Monday, January 25, 2010

Slow and steady wins the race

Jan. 21 weigh in: 1.6 pound loss
Weight: 202.4

Equal weight loss to the first week! I'm fine with continuing at this rate. 1-3 pounds per week is a healthy rate for keeping the weight off long term. It would be pretty nice to see 200 on the scale this week, but I haven't eaten that well this week. We shall see.

Saturday, January 16, 2010

First Weigh-In (Jan. 7): 205.6 lbs
Second Weigh-In (Jan. 14): 204.0 lbs [down 1.6!]

I've worked out six days a week for the past two weeks straight. It may sound like a lot, but I'm starting slow and will increase the amount of weights and intensity as I continue.

Week 1 Workouts (Jan. 3-9)
M, T, W: cardio, strength, yoga/relaxation
R, F, S: cardio strength, yoga/relaxation

Week 2 Workouts (Jan. 10-16)
M, T, W: cardio (Turbo Jam: Punch Kick & Jam), strength (Biggest Loser 1: Strength & Sculpt), cardio (Hip Hop Dance & Abs with Kim)
R, F, S: strength (BL 1: Strength & Sculpt), cardio (TJ: Punch Kick & Jam), yoga/relaxation (Yoga for Aches and Pains)

Hopefully I'll be able to report an even bigger loss next week!

Monday, January 4, 2010

A(nother) New Beginning

A co-worker and I have agreed to work towards our own weight loss goals for the next two months. Yet again I am starting over in the healthy life category. I reached my heaviest weight of 225 pounds in high school during junior year in 2000. A combination of social anxiety and bad eating habits along with the usual teenage angst brought me to that low point. I hit rock bottom and almost had my dad set me up with a counselor. Somehow I convinced myself that I could or should put in the hard work on my own. I started working out intermittently and -with the help of free access to the gym at Millikin University- by 2005 I was down to 185 pounds.

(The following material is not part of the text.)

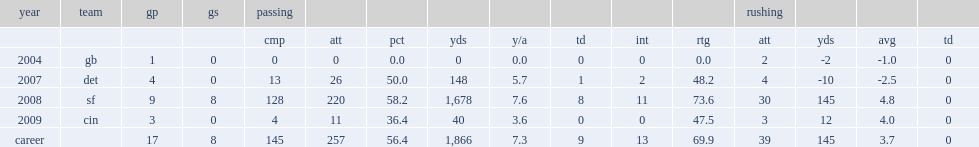How many interceptions did o'sullivan get in 2007? 2.0. 
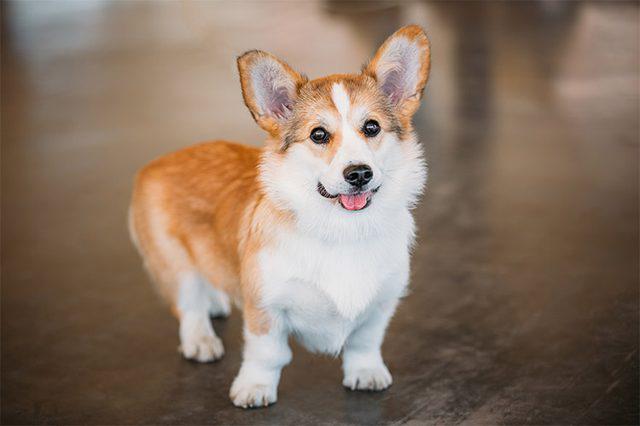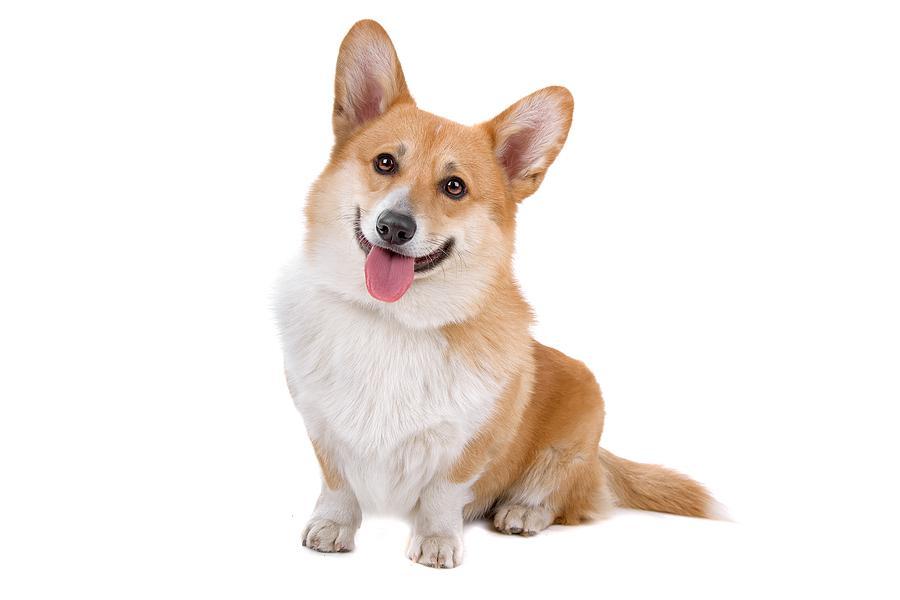The first image is the image on the left, the second image is the image on the right. For the images displayed, is the sentence "Two corgies with similar tan coloring and ears standing up have smiling expressions and tongues hanging out." factually correct? Answer yes or no. Yes. The first image is the image on the left, the second image is the image on the right. For the images displayed, is the sentence "The right image includes a tan and white dog that is sitting upright on a white background." factually correct? Answer yes or no. Yes.

After a brain hemmorhage and brain surgery in the summer of 2005 I continued to work out and focus on my health. I controlled my eating with Weight Watchers and either walked 1-3 miles or swam over 50 laps daily in my dad's pool. After a move back to Illinois in February of 2006 with a big thanks to Weight Watchers and working out to The Biggest Loser DVDs I made it down to my lowest weight, 158 pounds. 67 pounds lighter I felt comfortable and confident in my own body...but I felt like I was starving. For those who have never been on the Weight Watchers program, the less you weigh, the less you eat. You are assigned a number of points (or calories) you can consume based on your weight and activity levels. At that point an average day's worth of meals was:

Breakfast-yogurt and an apple
Lunch-plain wheat bread turkey sandwich, light string cheese, pickles
Dinner-lean cuisine dinner, green beans and slim-a-bear ice cream sandwich

I was constantly hungry and was insanely tired of counting points and watching everything I ate. 3 years later, after several moves, 4 different jobs and getting married, I am back at about 210 pounds. I've continued to work out...albeit far more infrequently. But, I've definitely been hitting the ice cream and carbohydrates far too often.

This time around, I've set a reasonable goal. I'd like to be confident about my body again...but not by sacrificing my sanity to the food control gods. I'm starting to work out regularly again; hopefully 4-6 times a week. And, I'm watching what I eat, but not in an overly obsessed kind of way. I'm hoping to get back down to 180. That's 30 pounds down...still 22 pounds over my lowest point. I'm hoping that will get me back from a size 16 to a size 14 and return me to a sense of peace within my body.

We're starting weigh-ins for two months on Friday. I'll keep you posted!